Kraj

W łuk wygięci

Ktoś mi może powiedzieć, że wierszyki tu fastryguję, zamiast poważnie traktować sytuację w Polsce. Jak mam poważnie traktować?

Duma miesza się z radością, gdy ma się do czynienia z wizjonerem. Siedmiu jest u nas takich albo siedemnastu. Nazwisk nie podaję, bo RODO. Ale o jednym mogę tak napisać, że się wszyscy domyślą. To minister sportu, który w dodatku, jeśli znajdzie trochę wolnego czasu, podpisuje się jako premier. I wtedy zapowiada: za 20 lat staniemy się wielkim narodem. Więcej, mówi, jak to zrobi. Po prostu będzie wszędzie budował wyłącznie buspasy. Ale – i tu tkwi sedno pomysłu – wjedzie na nie tylko samochód z czterema osobami w środku. Pojedynczo będą mogli wjeżdżać jedynie księża, bo ksiądz zawsze jedzie z Bogiem, a Bóg jest, jak wiadomo, w trzech osobach. Niech każdy w samochodzie zaoszczędzi choćby pół godziny. Cztery osoby – 120 minut. Pracujemy pięć dni w tygodniu – to już 600 minut. A przez miesiąc – 2400. W tym wolnym czasie będzie można codziennie podnosić poziom patriotyzmu, oglądając telewizję Kurskiego i nowe wspaniałe seriale hollywoodzkie naszej produkcji: „Jedliśmy czosnek na tyłach wroga”, „Śmichy-chichy prosto z łychy do michy” oraz „Wiadro Mości Prezesa”.
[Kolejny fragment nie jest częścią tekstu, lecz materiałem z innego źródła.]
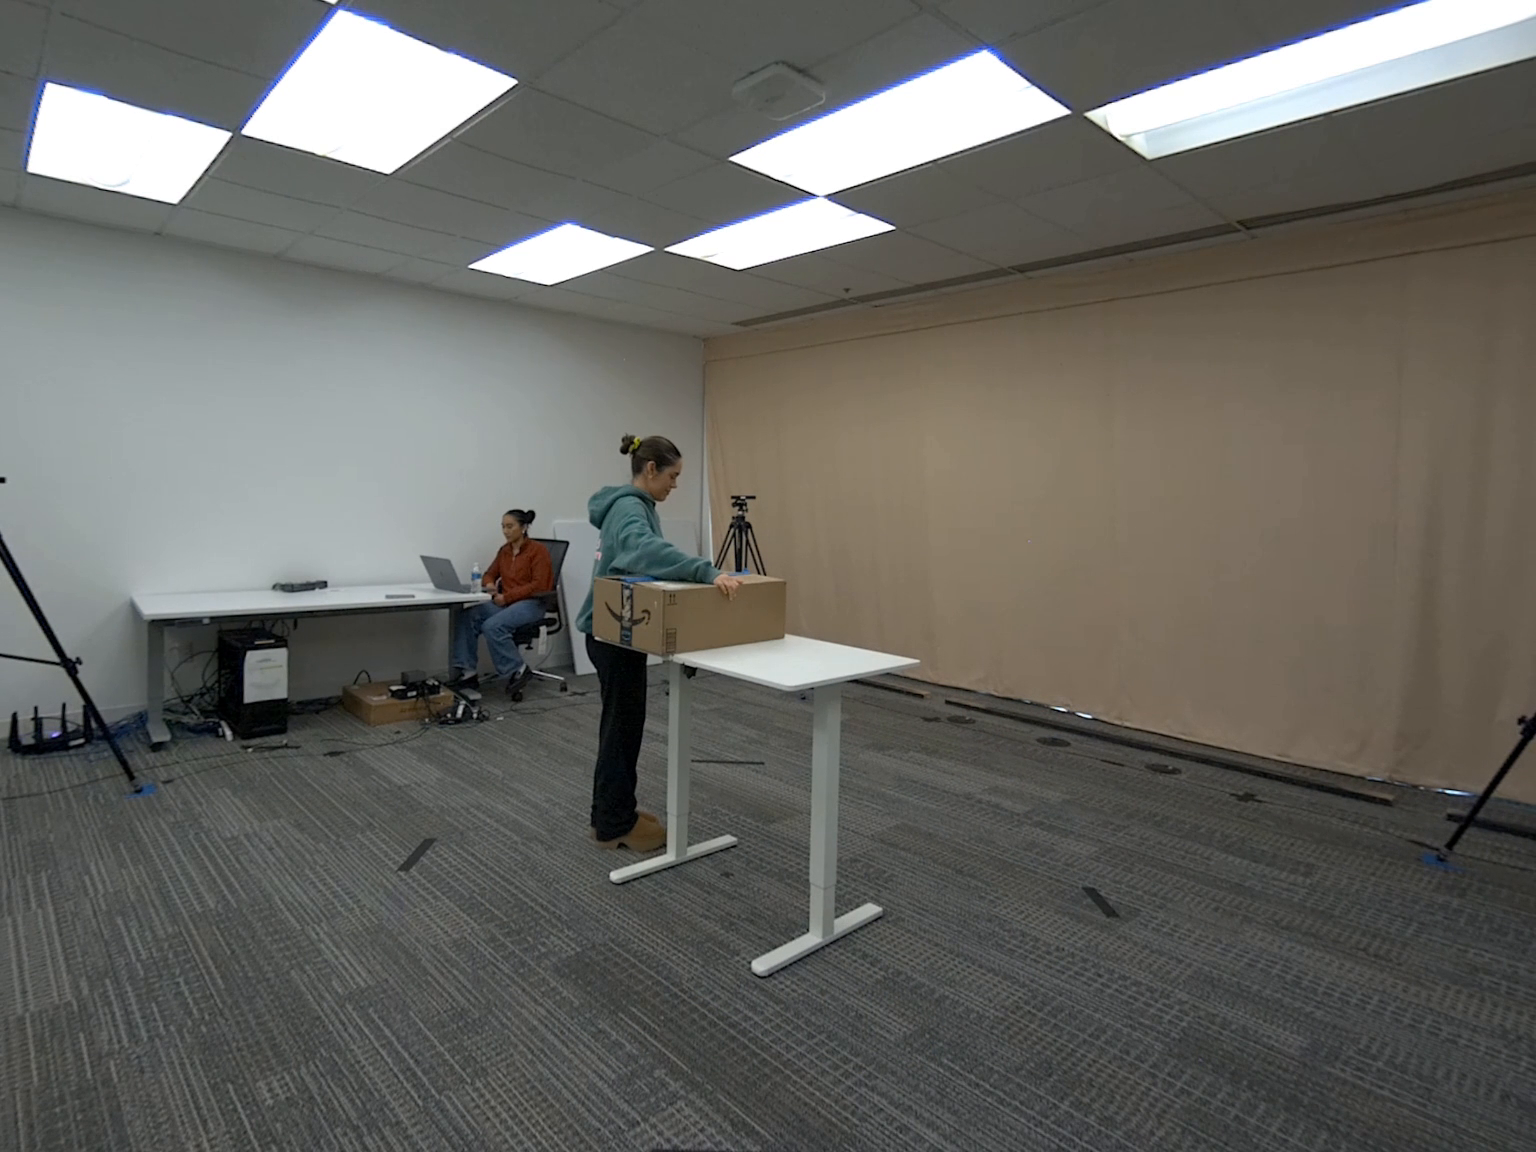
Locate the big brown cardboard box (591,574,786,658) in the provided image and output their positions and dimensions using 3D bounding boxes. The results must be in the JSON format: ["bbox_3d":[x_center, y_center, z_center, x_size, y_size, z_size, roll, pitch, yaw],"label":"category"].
[{"bbox_3d":[-0.288,0.119,3.022,0.575,0.232,0.428,-2,7,-43],"label":"big brown cardboard box"}]

To oczywiście była tylko rozgrzewka ministra sportu. Potem ułożył się na biało-czerwonym kocyku i wygiął w łuk triumfalny. W najbliższej przyszłości zainwestujemy miliardy w wielkie polskie projekty, które wzmocnią naszą międzynarodową pozycję – powiedział. I tu zaczął śpiewać swoją wersję arii z kurantem ze „Strasznego dworu”: Cisza dokoła/a przecież już niedługo/ setki miliardów strugą/forsy ten użyźnią kraj/się Via Baltica z Via Carpatią splotą/utka się sieć budowy CPK/ do Świnoujścia tunel zrobię po to/by ciężarówek karawana szła. /I gazociąg Baltic Pipe’u, i Mierzei przekop też,/i Polaku, taki raj tu/ujrzysz wtedy, wierz mi, wierz!